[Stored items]
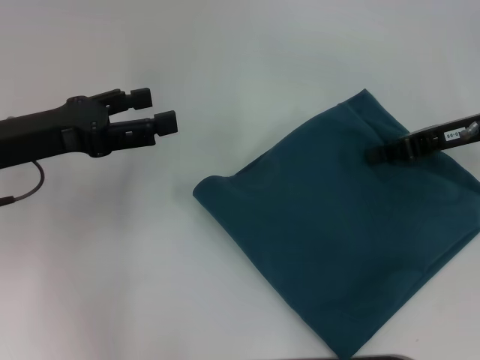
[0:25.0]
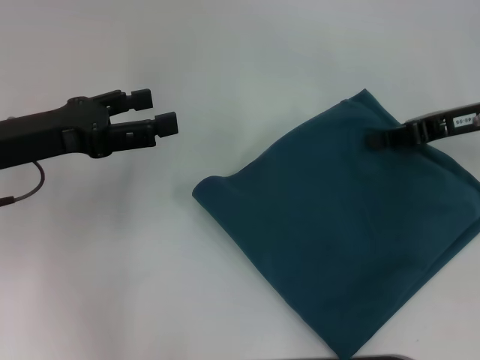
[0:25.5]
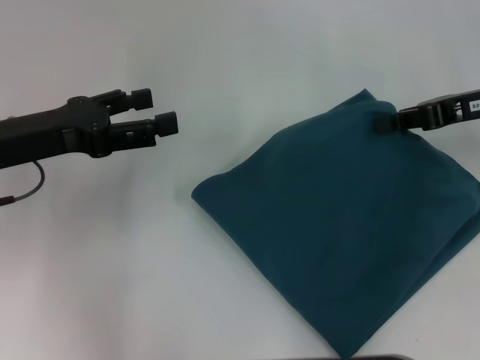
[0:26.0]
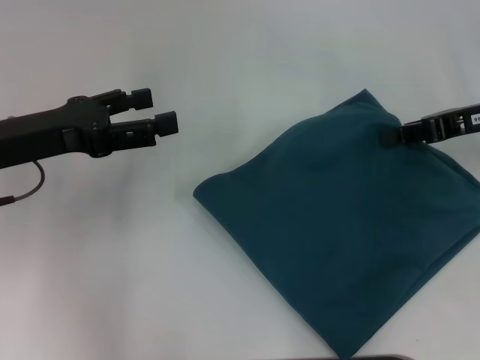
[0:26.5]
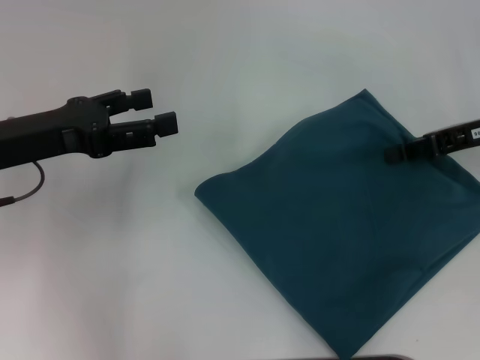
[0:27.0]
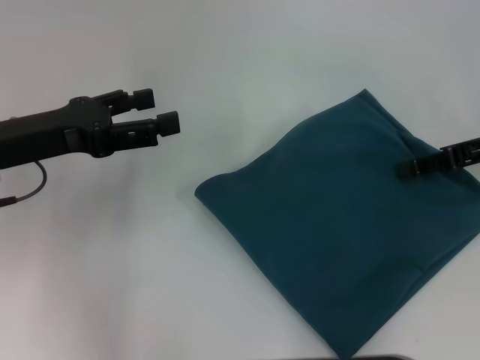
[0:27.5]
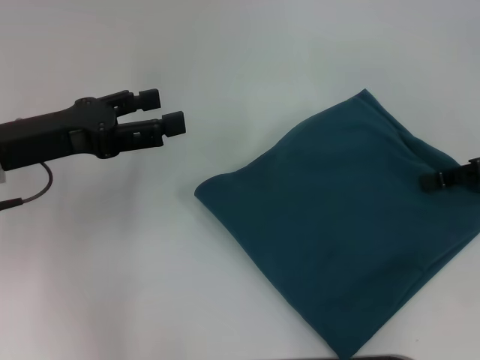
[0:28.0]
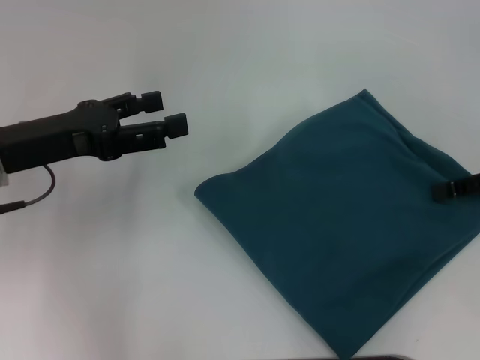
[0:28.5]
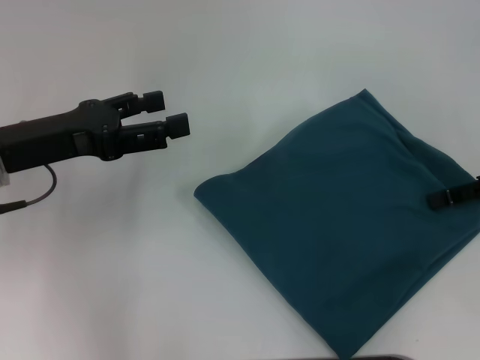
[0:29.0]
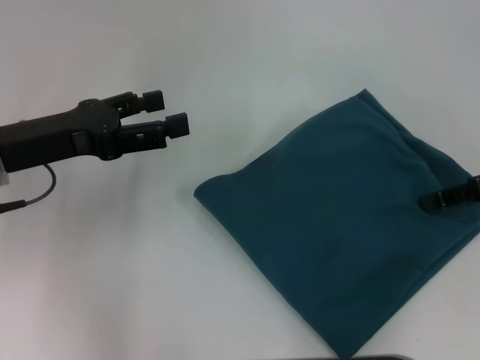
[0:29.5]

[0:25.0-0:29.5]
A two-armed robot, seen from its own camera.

*ACTION ITEM:* Transcribe every entry exactly, omitting pictures.

*ANSWER FOR THE TASK:*
[0:25.0]
[0:25.5]
[0:26.0]
[0:26.5]
[0:27.0]
[0:27.5]
[0:28.0]
[0:28.5]
[0:29.0]
[0:29.5]

[0:25.0-0:29.5]
A two-armed robot, seen from its own camera.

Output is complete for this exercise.